Tuesday, April 3, 2012

Day 349 - Arsenic and Old Lace

Arsenic and Old Lace (1944) directed by Frank Capra

Arsenic and Old Lace is a silly little comedy that I've never heard of but it features Cary Grant and is directed by Frank Capra so I figured why not. In absolute terms this movie is really no better than say, the hilarious 21 Jump Street, but I feel like these old classics will always maintain their charm while the newer cruder comedies may grow stale over time. In some ways though this film can almost be viewed as a more modern movie due to its shocking premise, a couple of sweet old ladies that kill lonely old bachelors. The comedic potential there is just as funny now as it was then, though I suppose it was even more shocking 68 years ago.

Cary Grant plays Mortimer Brewster, a man recently married who goes to visit the loving aunts that raised him. He makes a shocking discovery when he finds a dead body in a chest, but his aunts assure him there is nothing to fret about. That is just one of a dozen dead bodies they are responsible for as they have been performing mercy killings of lonely old men for a while now. Obviously Mortimer is shocked and watching Cary Grant's exacerbated expressions in the first hour is the highlight of the film. His comedic timing and facial expressions are pure gold.

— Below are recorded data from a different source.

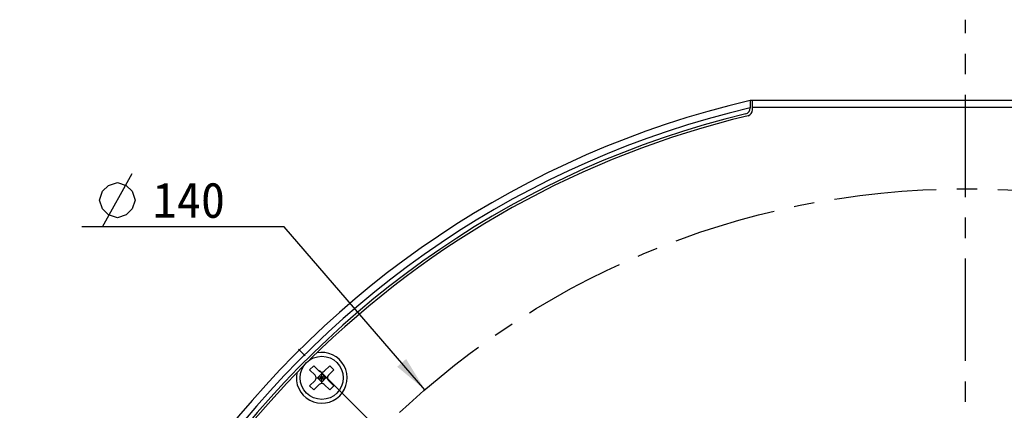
# Model space of a CAD drawing. Header units: millimetres. Extents: x 45 to 253, y -17 to 279.
# Tile 2 of 13: x 49 to 132, y 178 to 211. Entities that reach past the tile are written whole.
import ezdxf
from ezdxf.enums import TextEntityAlignment as Align

# ---------------------------------------------------------------- set-up
doc = ezdxf.new("R2010")
doc.units = ezdxf.units.MM
doc.header["$LTSCALE"] = 23.1
doc.linetypes.add('CENTER', pattern=[0.6, 0.375, -0.075, 0.075, -0.075])
doc.layers.get('0').update_dxf_attribs({"linetype": 'CONTINUOUS'})
for name, color, linetype in [('00_COMPONENTS', 7, 'CONTINUOUS'), ('50_ALL_DETAILS', 7, 'CONTINUOUS'), ('51__DRAFT_DIMS', 7, 'CONTINUOUS')]:
    doc.layers.add(name, color=color, linetype=linetype)
doc.styles.get("Standard").update_dxf_attribs({"font": 'simfang.ttf'})
doc.dimstyles.new('DIMSTYLE_4', dxfattribs={"dimtxt": 3, "dimasz": 3, "dimexe": 2.5, "dimexo": 0.5, "dimtad": 1, "dimdsep": 46, "dimtxsty": 'STANDARD', "dimblk": '_FILLED', "dimblk1": '_FILLED', "dimblk2": '_FILLED', "dimcen": 0.09, "dimclrt": 3, "dimazin": 2, "dimtp": 0.5, "dimtm": 0.5, "dimtfac": 1, "dimtofl": 0, "dimtmove": 0, "dimatfit": 1, "dimldrblk": '_FILLED', "dimfxl": 1, "dimtolj": 1, "dimarcsym": 0})

# ---------------------------------------------------------------- blocks, each defined once
blk = doc.blocks.new('_FILLED')
at = {"color": 0, "linetype": 'ByBlock'}
blk.add_solid([(0, 0), (-1, 0.167), (-1, -0.167)], dxfattribs=at)
blk = doc.blocks.new('*D4')
at = {"layer": '51__DRAFT_DIMS', "color": 4}
for p, q in [((68.011, 193.377), (54.401, 193.377)), ((71.511, 193.377), (68.011, 193.377)), ((83.411, 179.583), (71.511, 193.377))]:
    blk.add_line(p, q, dxfattribs=at)
at = {"layer": '51__DRAFT_DIMS', "color": 4, "xscale": 3, "yscale": 3, "zscale": 3, "rotation": 310.7865309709}
blk.add_blockref('_FILLED', (83.411, 179.583), dxfattribs=at)
at = {"layer": '51__DRAFT_DIMS', "color": 3}
blk.add_text('140', height=3, dxfattribs=at).set_placement((66.511, 194.127), align=Align.RIGHT)

msp = doc.modelspace()

# ---------------------------------------------------------------- linework, layer by layer
at = {"layer": '00_COMPONENTS', "color": 7}
for p, q in [((111.136, 204.0916), (147.136, 204.0927)), ((111.1361, 203.2548), (111.136, 204.0916)), ((110.936, 204.0452), (110.9361, 203.4123)), ((111.136, 204.0452), (110.936, 204.0452)), ((111.1361, 203.4916), (147.1361, 203.4927)), ((73.6642, 181.2607), (74.0178, 181.6143)), ((74.4774, 181.1547), (74.0178, 181.6143)), ((75.3613, 181.6143), (74.9017, 181.1547)), ((75.7148, 181.2608), (75.3613, 181.6143)), ((74.1239, 180.8011), (73.6642, 181.2607)), ((74.336, 180.589), (74.6895, 180.9425)), ((74.8663, 180.7658), (74.5128, 180.4122)), ((74.8663, 180.4122), (74.5128, 180.7658)), ((74.6896, 180.1112), (74.6895, 181.0668)), ((75.0431, 180.589), (74.6895, 180.9425)), ((75.7148, 181.2608), (75.2552, 180.8011)), ((74.1239, 180.3768), (73.6643, 179.9172)), ((74.0178, 179.5637), (73.6643, 179.9172)), ((74.4774, 180.0233), (74.0178, 179.5637)), ((74.2117, 180.589), (75.1674, 180.589)), ((74.6896, 180.2354), (74.336, 180.589)), ((74.6896, 180.2354), (75.0431, 180.589)), ((75.3613, 179.5637), (74.9017, 180.0233)), ((75.7149, 179.9173), (75.2552, 180.3769)), ((75.3613, 179.5637), (75.7149, 179.9173))]:
    msp.add_line(p, q, dxfattribs=at)
msp.add_circle((74.6895, 180.589), 1.825, dxfattribs=at)
for centre, radius, start, end in [((129.1389, 126.1474), 80.0006, 103.15268, 266.41833), ((129.1389, 126.1474), 79.4, 103.250887, 266.391037), ((110.4361, 203.4123), 0.5, 283.606399, 2.00648), ((110.6361, 203.2548), 0.5, 283.492722, 0.0018), ((129.1385, 126.1435), 79, 103.606399, 266.373059), ((129.1385, 126.1435), 78.8, 103.492722, 134.72407), ((74.6895, 180.589), 2.15, 168.590142, 101.413458), ((129.1385, 126.1435), 78.8, 135.279537, 224.824024), ((73.9117, 180.589), 0.3, 315.0018, 45.0018), ((74.6895, 181.3668), 0.3, 225.0018, 315.0018), ((75.4674, 180.589), 0.3, 135.0018, 225.0018), ((74.6896, 179.8112), 0.3, 45.0018, 135.0018)]:
    msp.add_arc(centre, radius, start, end, dxfattribs=at)
at = {"layer": '50_ALL_DETAILS', "color": 1, "linetype": 'CENTER'}
for p, q in [((129.1385, 126.5825), (129.1358, 210.892)), ((178.6375, 77.0866), (72.7164, 183.001))]:
    msp.add_line(p, q, dxfattribs=at)
msp.add_circle((129.1385, 126.5825), 70, dxfattribs=at)
at = {"layer": '51__DRAFT_DIMS', "color": 3}
msp.add_line((56.1514, 193.3766), (58.6514, 197.8766), dxfattribs=at)
msp.add_lwpolyline([(55.9014, 195.6265), (56.1514, 196.3765), (56.6514, 196.8765), (57.4014, 197.1265), (58.1514, 196.8765), (58.6514, 196.3765), (58.9014, 195.6265), (58.6514, 194.8765), (58.1514, 194.3765), (57.4014, 194.1266), (56.6514, 194.3765), (56.1514, 194.8765), (55.9014, 195.6265)], dxfattribs=at)

# ---------------------------------------------------------------- dimensions: what is measured, and where the dimension line sits
at = {"layer": '51__DRAFT_DIMS', "color": 4}
dim = msp.add_diameter_dim_2p(p1=(83.4115, 179.5829), p2=(174.8655, 73.5821), text='%%c<>', dimstyle='DIMSTYLE_4', override={"dimtih": 1, "dimtoh": 1, "dimpost": '<>'}, dxfattribs=at)
dim.commit()
dim.dimension.update_dxf_attribs({"geometry": '*D4', "text_midpoint": (63.2061, 195.6265), "dimtype": 163})

doc.saveas('drawing.dxf')

Things turn for the even more bizarre when Mortimer's estranged brother, the psychotic criminal Jonathan, comes back threatening the aunts and Mortimer. The first half is much funnier than the second half as the neat little premise turns into a messy and complicated romp. I suppose that is the nature of the screwball comedy but I sort of feel like the film looses much of its focus. It is sort of funny though that the sweet serial killer aunts are the sympathetic characters with the introduction of a villain. They're all villains! Caught in the middle of it all is Mortimer who must protect his aunts but also make sure they they themselves don't kill again. There are some good side characters as well, particularly the drunken Dr. Einstein, played by the wonderful Peter Lorre.

In the grand scheme of things there are certainly better slapstick screwball comedies out there and I suspect is more highly rated than it deserves to be due to the Grant/Capra appeal. The film's first half is legitimately pretty funny and amusing but it sort of loses steam at the end. I wonder though if we will look back as fondly at our generation's raunchfests as people look back at these classic screwball comedies.